Note that CatList is either empty, or is an element plus a queue (as defined by a typeclass q) of CatLists. In Scala, I'm trying to do something like 

sealed trait CatList[+Q, +E]

object Empty extends CatList[Nothing, Nothing]

case class C[Q[_], E](x: E, q: Q[CatList[Q, E]]) extends CatList[Q[???], E]

but the problem is, Q[_] takes parameters, so I need to provide something in the extends clause, which leads to CatList[Q[CatList[Q[???], E], E] which is confusing.

I can try a Haskell approach, saying that Q[_] is nothing but a type, and go with 

sealed trait CatList[+Q[_], +E]

object Empty extends CatList[Nothing, Nothing]

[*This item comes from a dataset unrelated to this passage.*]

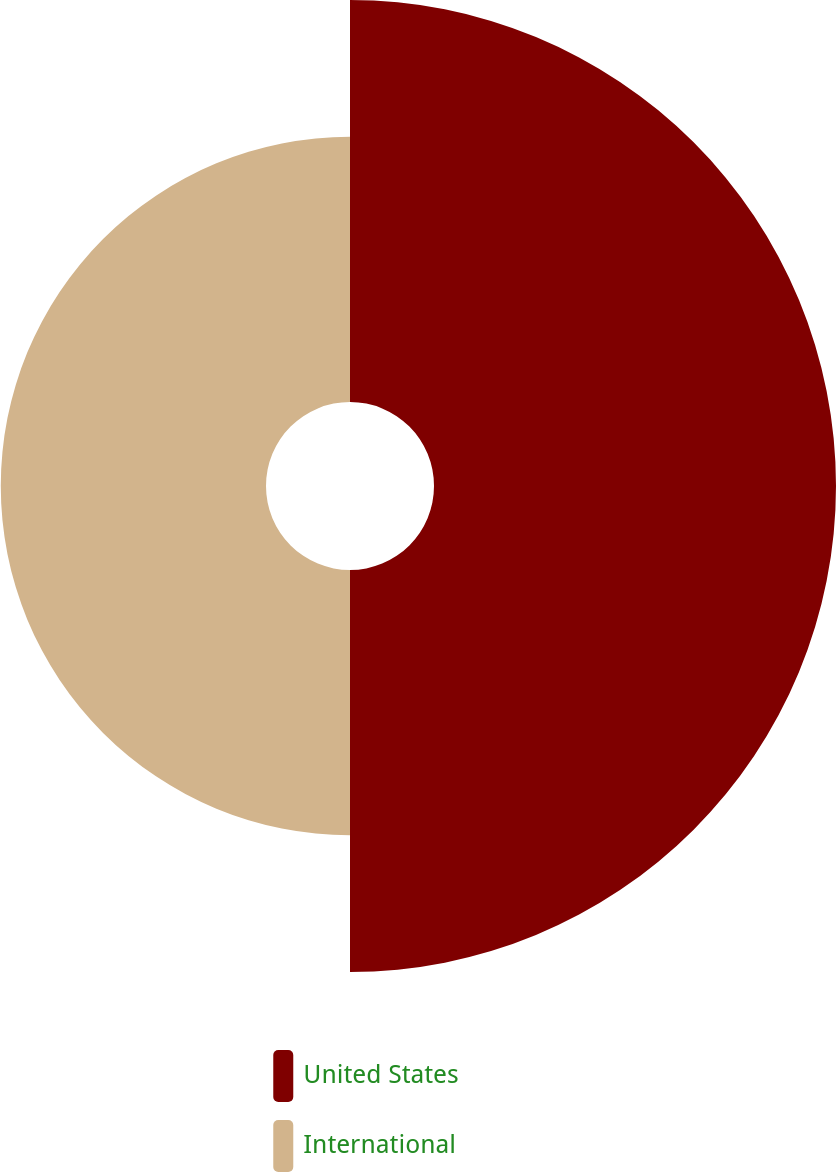Convert chart. <chart><loc_0><loc_0><loc_500><loc_500><pie_chart><fcel>United States<fcel>International<nl><fcel>60.25%<fcel>39.75%<nl></chart> 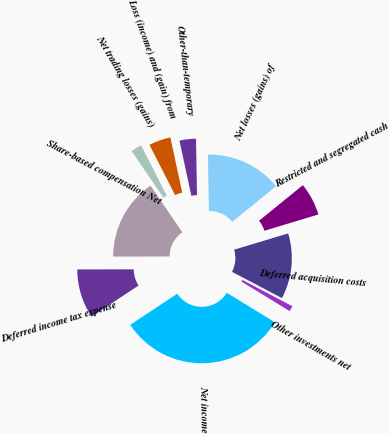Convert chart. <chart><loc_0><loc_0><loc_500><loc_500><pie_chart><fcel>Net income<fcel>Deferred income tax expense<fcel>Share-based compensation Net<fcel>Net trading losses (gains)<fcel>Loss (income) and (gain) from<fcel>Other-than-temporary<fcel>Net losses (gains) of<fcel>Restricted and segregated cash<fcel>Deferred acquisition costs<fcel>Other investments net<nl><fcel>31.95%<fcel>9.28%<fcel>15.46%<fcel>2.06%<fcel>4.12%<fcel>3.09%<fcel>14.43%<fcel>6.19%<fcel>12.37%<fcel>1.03%<nl></chart>

case class C[Q[_], E](x: E, q: Q[_]) extends CatList[Q[_], E]

but that fails with

Error:(16, 56) Q[_] takes no type parameters, expected: one
  case class C[Q[_], E](x: E, q: Q[_]) extends CatList[Q[_], E]
                                                       ^

So the question is, is there a way to get around that?

Upvotes: 2

Views: 736

Answers (1)

Alexey Romanov
Alexey Romanov

Reputation: 170735

You need

sealed trait CatList[+Q[_], +E]

object Empty extends CatList[Nothing, Nothing]

case class C[+Q[_], +E](x: E, q: Q[CatList[Q, E]]) extends CatList[Q, E]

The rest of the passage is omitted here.